— Work instruction —
Print the records below exactly, with no pictures.

┄┄┄┄┄┄

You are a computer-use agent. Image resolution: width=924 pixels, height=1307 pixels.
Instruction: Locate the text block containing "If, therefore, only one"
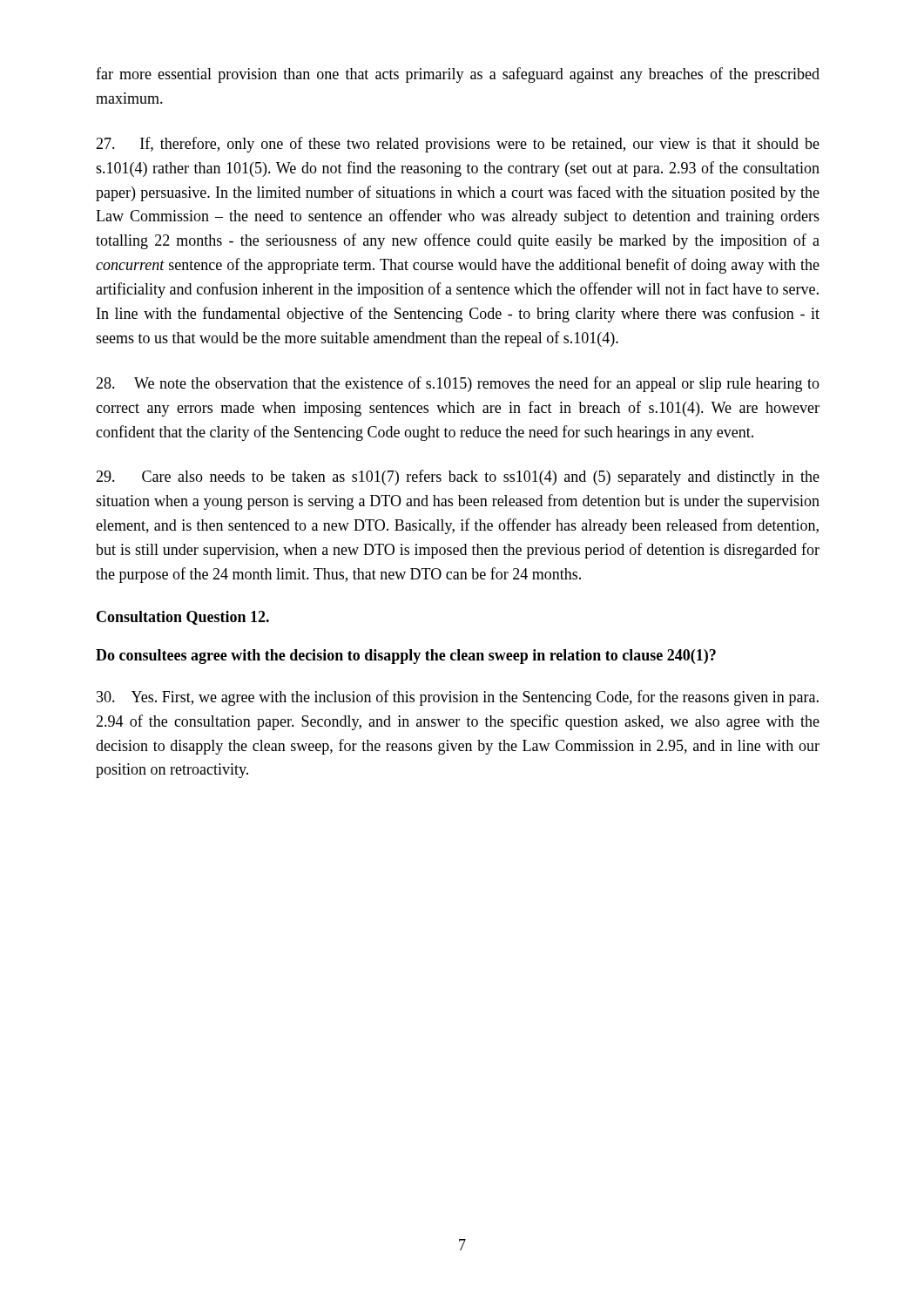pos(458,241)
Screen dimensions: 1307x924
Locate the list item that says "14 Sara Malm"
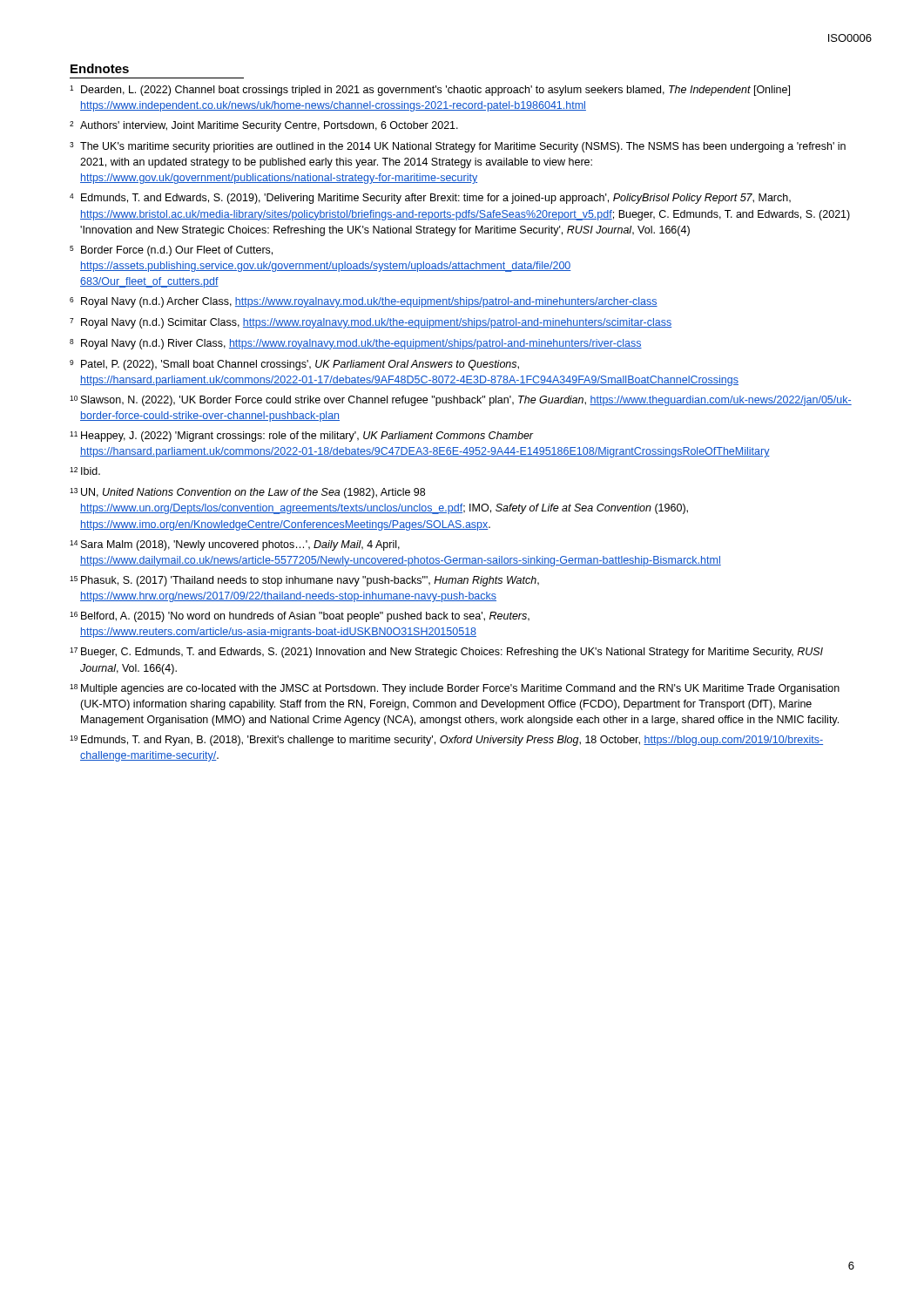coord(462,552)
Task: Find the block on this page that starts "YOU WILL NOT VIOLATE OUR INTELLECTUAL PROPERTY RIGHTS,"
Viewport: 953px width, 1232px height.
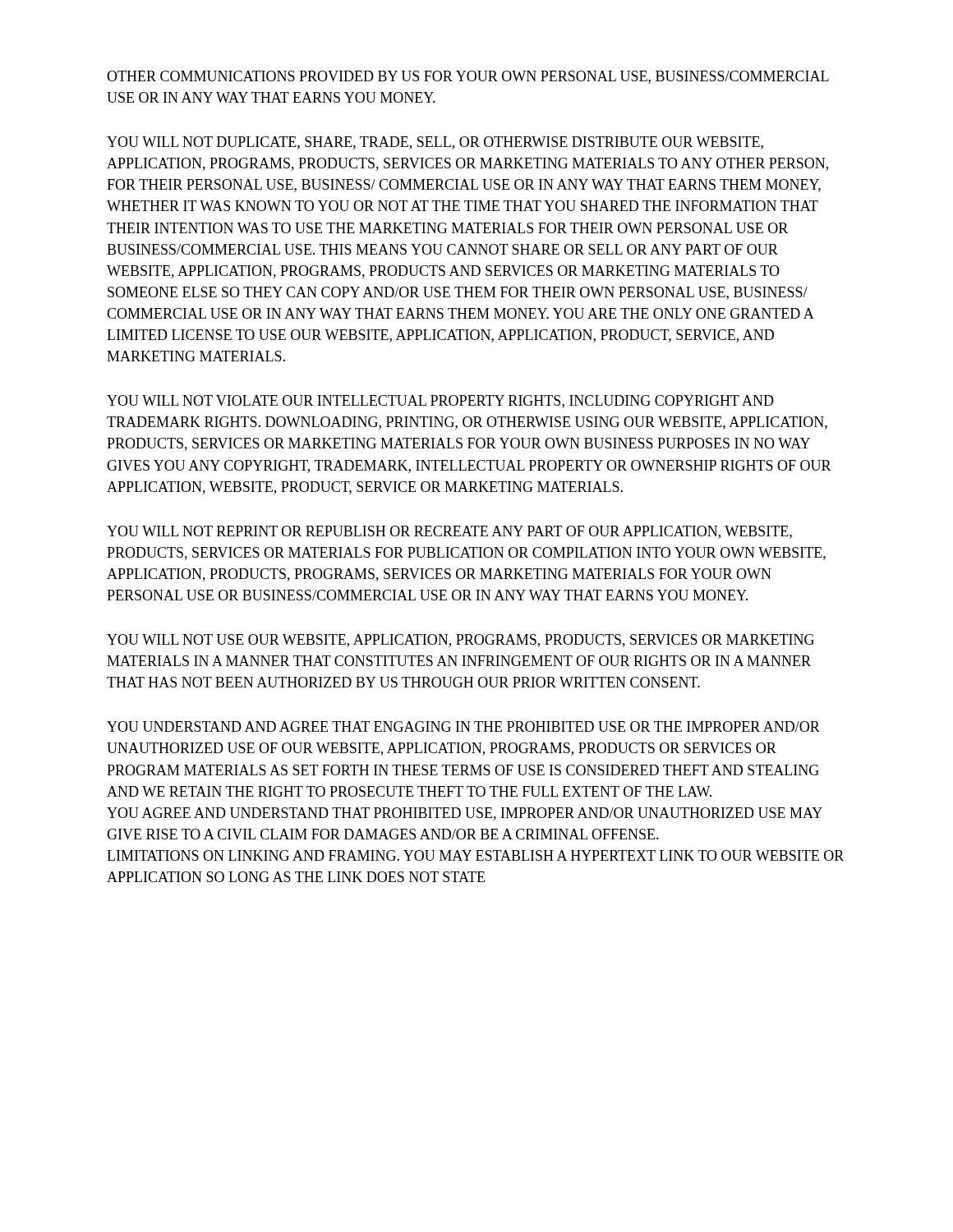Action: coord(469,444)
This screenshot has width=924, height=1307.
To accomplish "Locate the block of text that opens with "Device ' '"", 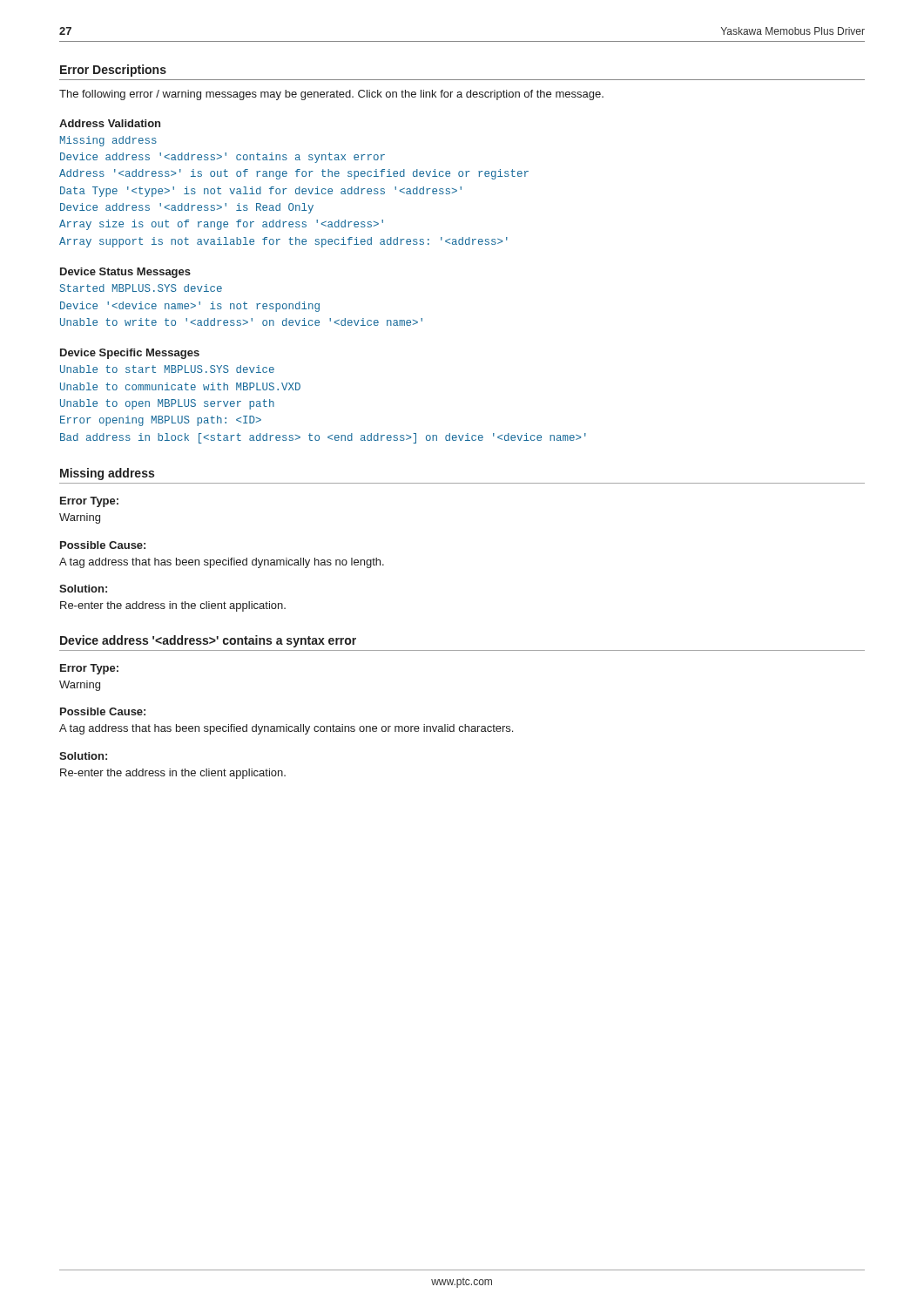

┄┄┄┄┄┄

— Exercise result —
You are a computer-use agent. Image resolution: width=924 pixels, height=1307 pixels.
Instruction: Locate the text block containing "If, therefore, only one"
pos(458,241)
Screen dimensions: 1307x924
Locate the list item that says "14 Sara Malm"
coord(462,552)
Task: Find the block on this page that starts "YOU WILL NOT VIOLATE OUR INTELLECTUAL PROPERTY RIGHTS,"
Viewport: 953px width, 1232px height.
Action: coord(469,444)
This screenshot has width=924, height=1307.
To accomplish "Locate the block of text that opens with "Device ' '"", 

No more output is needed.